These displacements are sometimes so easily reduced by mere pressure as to make it almost impossible to retain them. At other times anesthesia with firm pressure, accompanied by flexion of the trunk backward or forward, may be required; reduction has been possible sometimes only through incision and by the use of instruments applied as levers, or by the use of a screw driven into one of the fragments, thus affording a handle by which to manage it. Serious dislocations are frequently accompanied by fractures of the ribs or of the sternum. The same fixation of the thorax is required as in fractures of these parts, and should be conducted in the simplest manner possible.

DISLOCATIONS OF THE RIBS.

To displace a rib from its sternal connections requires actual fracture of bone or cartilage. Forward dislocation at its posterior and spinal connection, especially of the eleventh and twelfth ribs, has been described. Considerable effort is necessary for its production, and the case should be treated on its individual merits.
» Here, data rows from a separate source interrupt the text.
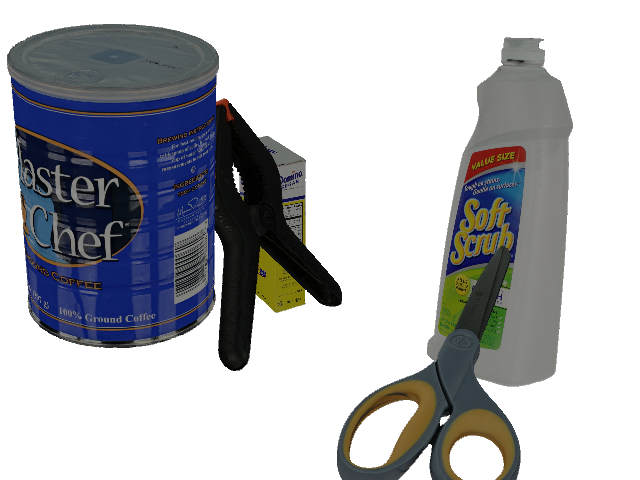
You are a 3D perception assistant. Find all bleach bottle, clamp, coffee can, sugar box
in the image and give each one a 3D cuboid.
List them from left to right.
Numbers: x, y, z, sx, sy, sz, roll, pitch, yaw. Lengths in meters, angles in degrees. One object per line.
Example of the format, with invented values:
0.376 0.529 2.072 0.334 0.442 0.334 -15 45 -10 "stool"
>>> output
-0.105 -0.030 0.555 0.103 0.140 0.103 3 27 -2 "coffee can"
-0.050 -0.013 0.882 0.036 0.210 0.164 -13 2 34 "clamp"
-0.054 -0.019 1.190 0.048 0.176 0.093 -15 28 -25 "sugar box"
0.137 -0.024 0.799 0.067 0.251 0.103 -8 15 -38 "bleach bottle"

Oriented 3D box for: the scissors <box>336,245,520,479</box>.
0.087 0.069 0.559 0.096 0.016 0.201 24 44 30 "scissors"
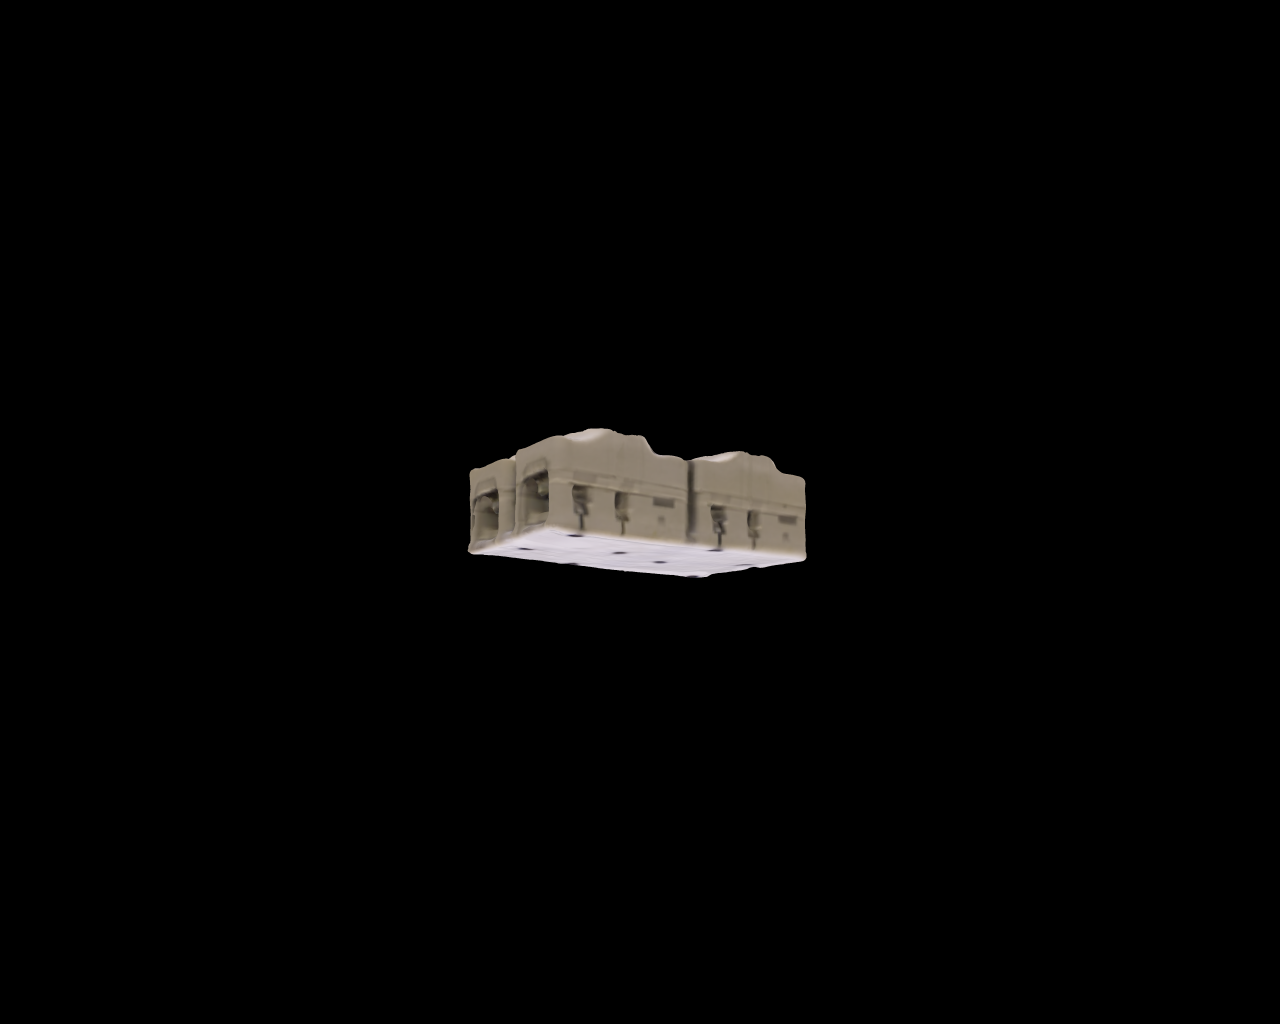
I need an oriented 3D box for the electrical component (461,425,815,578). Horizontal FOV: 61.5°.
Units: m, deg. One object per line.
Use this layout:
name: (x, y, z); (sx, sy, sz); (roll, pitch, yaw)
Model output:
electrical component: (0.001, -0.003, 0.650); (0.186, 0.060, 0.105); (8, -14, -35)
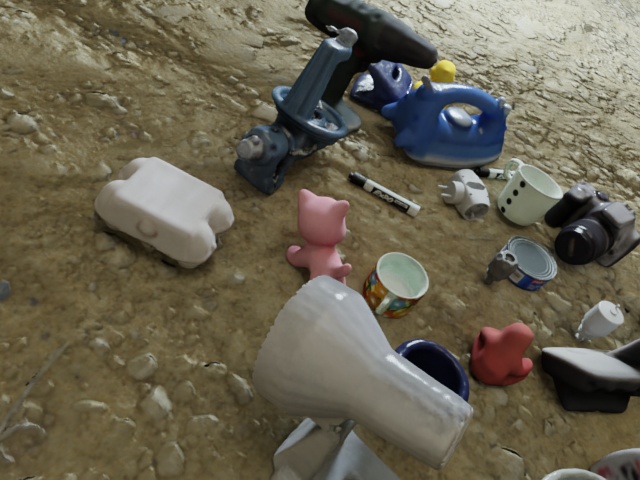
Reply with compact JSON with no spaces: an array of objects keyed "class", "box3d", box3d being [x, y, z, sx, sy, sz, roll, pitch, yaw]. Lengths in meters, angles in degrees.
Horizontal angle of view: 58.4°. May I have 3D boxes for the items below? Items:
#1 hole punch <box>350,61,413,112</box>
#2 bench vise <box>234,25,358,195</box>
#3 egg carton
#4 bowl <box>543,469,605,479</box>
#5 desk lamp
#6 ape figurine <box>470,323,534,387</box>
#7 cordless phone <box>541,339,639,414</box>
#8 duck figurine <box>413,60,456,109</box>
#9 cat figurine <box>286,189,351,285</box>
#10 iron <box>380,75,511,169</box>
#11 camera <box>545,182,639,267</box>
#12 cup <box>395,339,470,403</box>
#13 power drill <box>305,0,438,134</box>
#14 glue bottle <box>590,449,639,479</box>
[{"class":"hole punch","box3d":[0.122,-0.293,1.040,0.101,0.091,0.109,27,45,-2]},{"class":"bench vise","box3d":[-0.019,-0.169,0.775,0.121,0.219,0.207,27,45,-1]},{"class":"egg carton","box3d":[-0.184,-0.033,0.684,0.150,0.069,0.107,27,45,-1]},{"class":"bowl","box3d":[0.264,0.327,0.579,0.168,0.074,0.167,13,47,-15]},{"class":"desk lamp","box3d":[0.029,0.160,0.515,0.203,0.213,0.118,41,47,12]},{"class":"ape figurine","box3d":[0.234,0.137,0.718,0.076,0.092,0.077,-16,60,-35]},{"class":"cordless phone","box3d":[0.389,0.141,0.723,0.148,0.185,0.094,4,50,-22]},{"class":"duck figurine","box3d":[0.227,-0.302,1.101,0.077,0.086,0.104,23,45,-5]},{"class":"cat figurine","box3d":[0.007,0.003,0.709,0.067,0.117,0.127,-3,53,-27]},{"class":"iron","box3d":[0.244,-0.210,0.990,0.259,0.141,0.118,2,51,-24]},{"class":"camera","box3d":[0.445,-0.023,0.952,0.137,0.100,0.143,-20,62,-36]},{"class":"cup","box3d":[0.102,0.179,0.616,0.092,0.095,0.117,11,48,-17]},{"class":"power drill","box3d":[0.058,-0.277,0.913,0.229,0.208,0.076,42,47,13]},{"class":"glue bottle","box3d":[0.370,0.255,0.623,0.037,0.173,0.078,10,48,-17]}]

DISLOCATIONS OF THE CLAVICLE.

Either end or both ends of the clavicle may be dislocated. Its sternal end may be thrown in any direction but downward; its acromial end in any direction, although usually upward. Dislocations of the sternal end can only occur in consequence of serious damage to the sternoclavicular ligaments, because of which, and in the absence of a socket, it is extremely difficult to maintain the parts when restored to position. Violent backward traction upon the shoulder permits anterior displacement when the joint is thus weakened. Backward displacement is usually the result of indirect violence when the shoulder is forced forward and inward, while upward displacement is the result of tilting which occurs when the shoulder is violently depressed. Respiration is generally more or less disturbed, while in backward luxations deglutition may be made difficult and painful.

Reduction is not difficult to effect, but extremely difficult to maintain. Pressure in the proper direction, accompanied by traction upon the shoulder, suffices for the former. For the latter there should be a combination of fixation of the shoulder and arm with proper traction, and at the same time pressure upon the end of the clavicle. For all of the clavicular dislocations the dressing and position advised by Dr. Moore, of Rochester, and referred to in the chapter on Fractures as his double figure-of-eight, serves admirably for maintaining the proper position of the shoulder, while pressure can be made by a pad, retained either by adhesive plaster or by some further addition to the dressing itself. (See [p. 494].) Acromial dislocation is usually in the upward direction, and is produced by violence upon the shoulder, which has expended itself in rupturing ligaments rather than in fracturing the acromion process. The indication here is to keep the shoulder elevated by any dressing which will accomplish the purpose and the clavicle bound down.

Fig. 340

Position of clavicle in dislocation of sternal end upward.

Dislocation of both ends, i. e., complete loosening of the bone, occurs occasionally, in which case the indications already given are reinforced, while the difficulties of treatment are considerably aggravated. Here the shoulder should be kept upward, outward, and backward, and the clavicle retained by pressure or some other means.